Dusty Baker was sitting in the dugout, looking down and making a note, as his coaches and support staff spontaneously mopped up, chanting his name, as the Houston Astros clinched the World Series victory on Saturday.
“I feel good, these guys are the best guys, they always believe. This is for my mom and my dad, my mom who died in January and my brother and all my boys,” he said afterward, hugging his wife and high-fiving those rushing to congratulate him.
“God, it matters,” Baker continued, turning to the ESPN reporter with a broad smile. “It’s a wonderful thing.”
The 73-year-old accomplished everything else: the only coach in MLB history to lead five different teams to the postseason and win division titles with five different clubs, the first black coach to win 2,000 career games and one of only two individuals. He had 1,800 hits as a player and 1,800 wins as a manager in MLB history.
“I mean, I’ve got 2,000 wins and all they’re saying is I haven’t won a World Series yet, you know?” he said before the game, according to MLB.com. “So, yes, it is important. People care.
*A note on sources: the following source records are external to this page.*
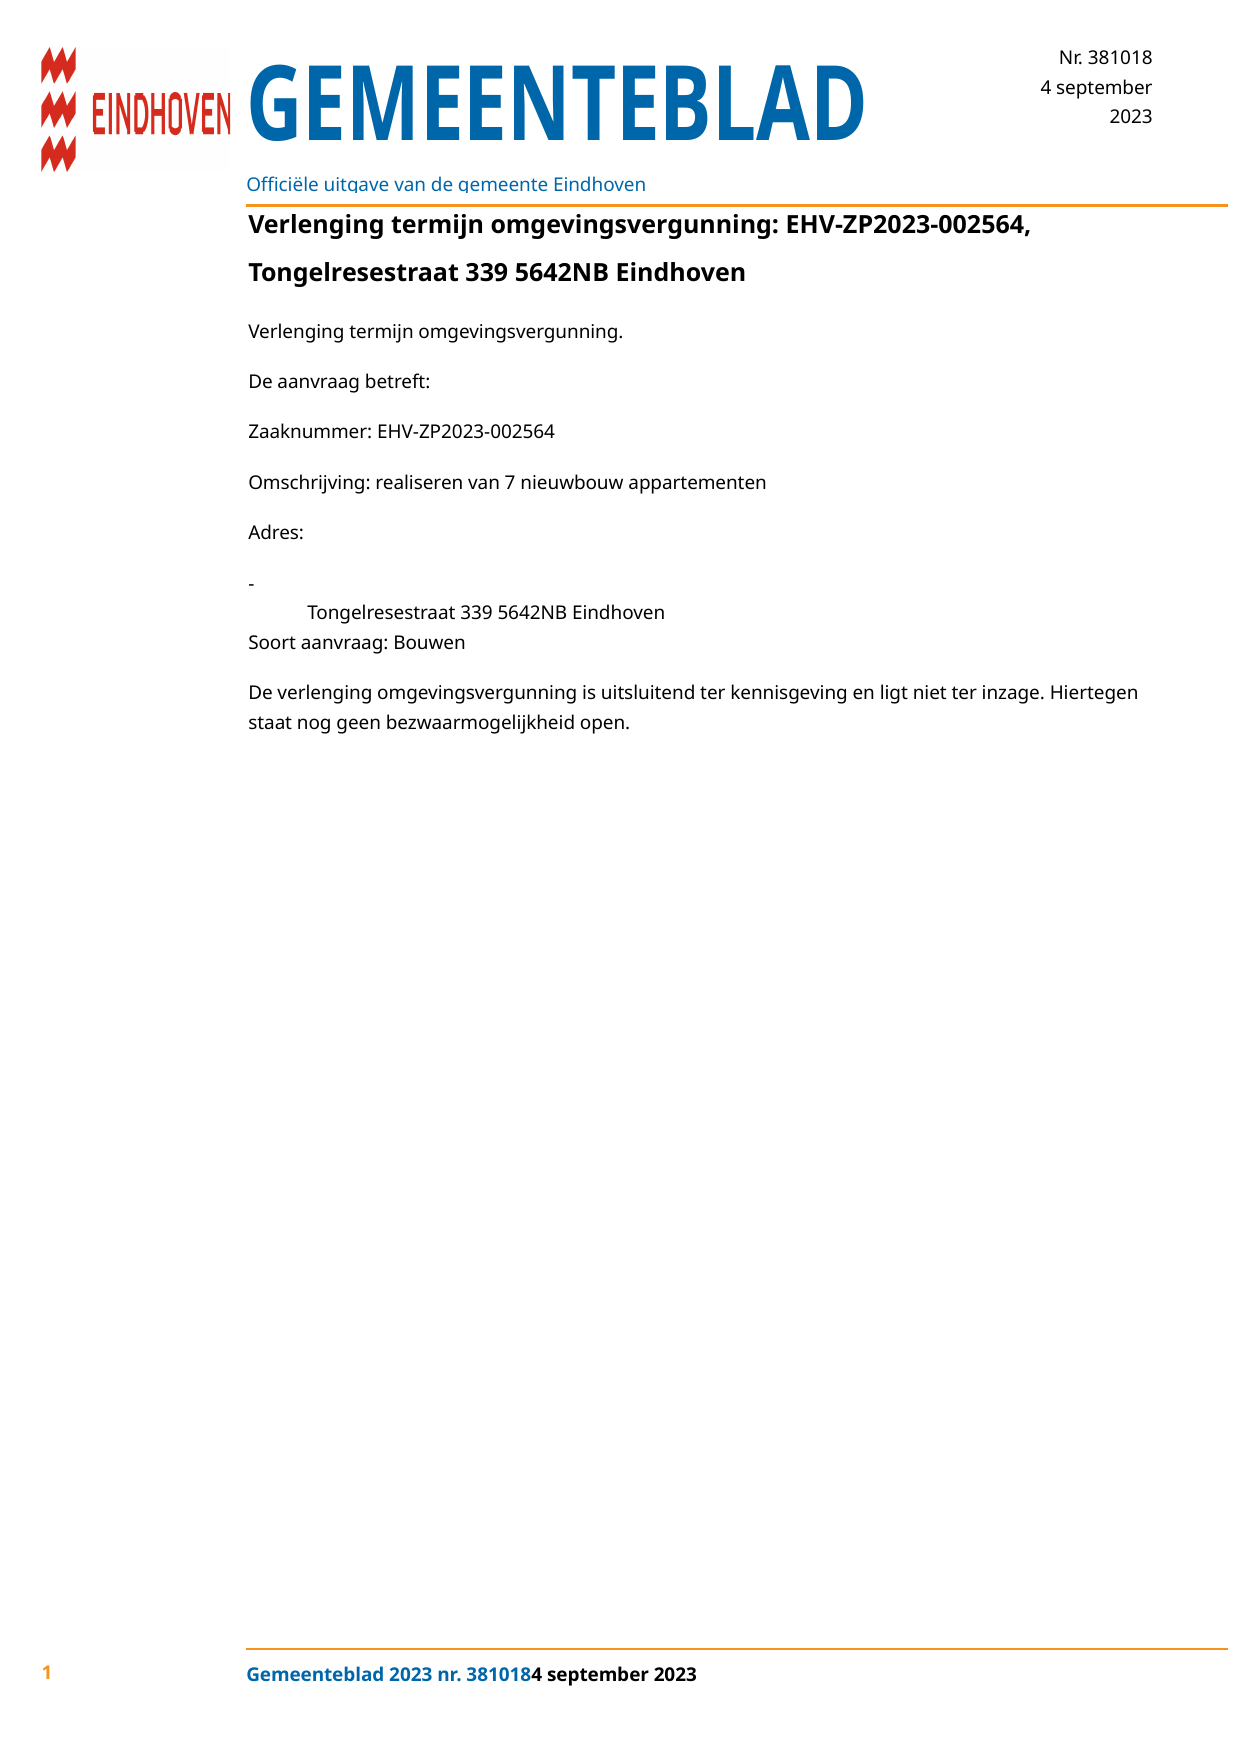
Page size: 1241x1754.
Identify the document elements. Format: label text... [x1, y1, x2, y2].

text Zaaknummer: EHV-ZP2023-002564 [248, 419, 1152, 444]
text Adres: [248, 519, 1152, 545]
text De verlenging omgevingsvergunning is uitsluitend ter kennisgeving en ligt niet ter inzage. Hiertegen staat nog geen bezwaarmogelijkheid open. [248, 679, 1152, 735]
text Soort aanvraag: Bouwen [248, 629, 1152, 655]
text Verlenging termijn omgevingsvergunning: EHV-ZP2023-002564, Tongelresestraat 339 5642NB Eindhoven [248, 207, 1152, 288]
list Tongelresestraat 339 5642NB Eindhoven [248, 599, 1152, 625]
text Omschrijving: realiseren van 7 nieuwbouw appartementen [248, 469, 1152, 495]
text Verlenging termijn omgevingsvergunning. [248, 318, 1152, 344]
text De aanvraag betreft: [248, 368, 1152, 394]
picture [41, 47, 231, 172]

We care.”
With the win, Baker became the third Black man to win a World Series behind Dave Roberts and Cito Gaston.
“My mother, she told me many times, to be African-American, you have to be twice as good to get the same thing,” he later said. “I heard that over and over again.”
Baker came tantalizingly close to capturing that elusive World Series title, reaching the final hurdle twice: in 2002 with the San Francisco Giants, 5-0 and eight out of the game at one point in Game 6, and in 2021 with the Astros.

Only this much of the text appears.